This project is TeamKirara's submission for the SIGMOD Contest 2025, achieving 2nd place in the final evaluation. For detailed information on the contest problem, environment, and execution instructions, please refer to the official SIGMOD Contest 2025 website.
Our team is composed of passionate students dedicated to high-performance database systems.
Name | University | Contact |
---|---|---|
Xiang Liming | Beijing Institute of Technology | [email protected] |
Feng Jing | Beijing Institute of Technology | [email protected] |
Shao Yibo | Beijing Institute of Technology | [email protected] |
Yu Yongze | Xidian University | [email protected] |
Hou Jiaxi | Beijing Institute of Technology | [email protected] |
We are always open to collaboration and feedback!
-
Vectorized Volcano-Style Execution Engine: Implements a modern, pull-based query processing model. The engine is composed of physical operators that each process data in batches. The query plan is executed by pulling results from the root, creating a highly efficient, demand-driven data flow.
-
Optimized Columnar Abstraction with Delayed Materialization:
- Unified Column Interface: A carefully designed column abstraction allows operators to process data transparently, regardless of its physical storage.
- Delayed Materialization: By default, operators pass lightweight views which simply reference data locations within the original pages. Data is only materialized into a dense, contiguous buffer when an operation explicitly requires it. This strategy of delaying materialization significantly reduces data copying overhead and memory footprint throughout the query pipeline.
-
Advanced Parallel Execution & Synchronization:
- Parallel-Aware Operators: All operators are designed for multi-thread execution, using atomic operations for task distribution and resumable stages to fit the volcano model.

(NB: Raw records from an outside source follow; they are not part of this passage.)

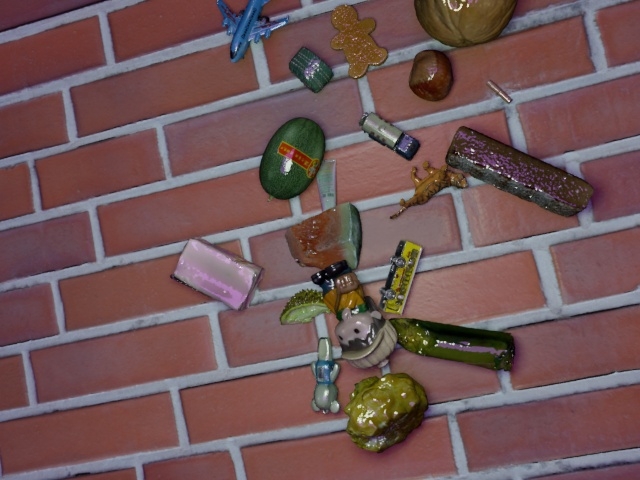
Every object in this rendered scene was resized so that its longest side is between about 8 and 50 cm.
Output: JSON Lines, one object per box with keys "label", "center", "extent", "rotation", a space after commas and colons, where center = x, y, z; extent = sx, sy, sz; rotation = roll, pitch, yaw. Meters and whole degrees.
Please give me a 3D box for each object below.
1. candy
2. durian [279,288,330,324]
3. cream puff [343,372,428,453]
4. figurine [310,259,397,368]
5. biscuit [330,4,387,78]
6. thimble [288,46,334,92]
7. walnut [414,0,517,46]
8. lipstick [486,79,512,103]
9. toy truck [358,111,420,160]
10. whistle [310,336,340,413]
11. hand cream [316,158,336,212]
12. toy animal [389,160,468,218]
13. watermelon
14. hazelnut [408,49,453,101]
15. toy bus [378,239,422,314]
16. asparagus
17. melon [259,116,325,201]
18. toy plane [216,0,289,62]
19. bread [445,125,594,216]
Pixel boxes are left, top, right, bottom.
{"label": "candy", "center": [-0.328, 0.106, 1.945], "extent": [0.265, 0.116, 0.155], "rotation": [25, 92, 11]}
{"label": "durian", "center": [-0.041, 0.208, 1.924], "extent": [0.215, 0.086, 0.100], "rotation": [-19, 118, 12]}
{"label": "cream puff", "center": [0.179, 0.490, 1.780], "extent": [0.282, 0.282, 0.185], "rotation": [-42, 55, 6]}
{"label": "figurine", "center": [0.111, 0.225, 1.836], "extent": [0.185, 0.204, 0.332], "rotation": [-34, 63, 38]}
{"label": "biscuit", "center": [0.111, -0.642, 1.933], "extent": [0.158, 0.035, 0.240], "rotation": [-26, 84, 6]}
{"label": "thimble", "center": [-0.032, -0.539, 1.913], "extent": [0.135, 0.118, 0.090], "rotation": [43, 95, 9]}
{"label": "walnut", "center": [0.421, -0.733, 1.759], "extent": [0.333, 0.333, 0.332], "rotation": [0, 88, 10]}
{"label": "lipstick", "center": [0.548, -0.456, 1.855], "extent": [0.019, 0.019, 0.094], "rotation": [-45, 80, 6]}
{"label": "toy truck", "center": [0.213, -0.331, 1.877], "extent": [0.202, 0.088, 0.074], "rotation": [34, 93, 9]}
{"label": "whistle", "center": [0.017, 0.422, 1.896], "extent": [0.114, 0.077, 0.235], "rotation": [-7, 79, 38]}
{"label": "hand cream", "center": [0.022, -0.175, 1.933], "extent": [0.076, 0.047, 0.174], "rotation": [-8, 78, 10]}
{"label": "toy animal", "center": [0.314, -0.149, 1.860], "extent": [0.255, 0.114, 0.116], "rotation": [-37, 125, 11]}
{"label": "watermelon", "center": [0.000, 0.000, 1.902], "extent": [0.257, 0.140, 0.192], "rotation": [-7, 79, 18]}
{"label": "hazelnut", "center": [0.343, -0.503, 1.842], "extent": [0.143, 0.143, 0.154], "rotation": [5, 73, 10]}
{"label": "toy bus", "center": [0.241, 0.112, 1.859], "extent": [0.074, 0.081, 0.226], "rotation": [17, 89, -11]}
{"label": "asparagus", "center": [0.381, 0.304, 1.809], "extent": [0.382, 0.128, 0.108], "rotation": [8, 131, 12]}
{"label": "melon", "center": [-0.092, -0.245, 1.881], "extent": [0.182, 0.182, 0.287], "rotation": [28, 92, 10]}
{"label": "toy plane", "center": [-0.235, -0.701, 1.963], "extent": [0.254, 0.105, 0.271], "rotation": [20, 93, 11]}
{"label": "bread", "center": [0.570, -0.195, 1.769], "extent": [0.417, 0.165, 0.113], "rotation": [27, 91, 11]}

- Adaptive Join Strategy: The engine automatically selects the optimal join algorithm, such as using an optimized Nested-Loop Join for single-row build sides to avoid hash table overhead.
- Hierarchical Barrier: A custom tree-structured barrier is used for efficient, low-overhead synchronization of a large number of worker threads.
- Task-Based Thread Pool: A static thread pool manages a fixed set of worker threads, allowing for fine-grained task assignment and execution on multi-core systems.
-
High-Performance Memory Management:
- Two-Level Memory Pool: A high-performance memory pool that pre-allocates a large memory block (optionally with huge pages). Each worker thread then carves out its own private sub-pool, enabling ultra-fast, lock-free allocations via simple pointer arithmetic.
- Custom STL Allocators: Standard containers like std::vector can be easily configured to use this custom memory system, bypassing the overhead of conventional malloc/free calls and benefiting directly from the pool's performance.
-
Highly Parallelized with SIMD:
- Extensive use of SIMD (Single Instruction, Multiple Data) intrinsics to accelerate core computational primitives and data processing operations.
-
Developer-Friendly Tooling:
- Comprehensive Code-Level Documentation: The codebase is thoroughly documented with standardized, Doxygen-style comments to facilitate understanding and maintenance.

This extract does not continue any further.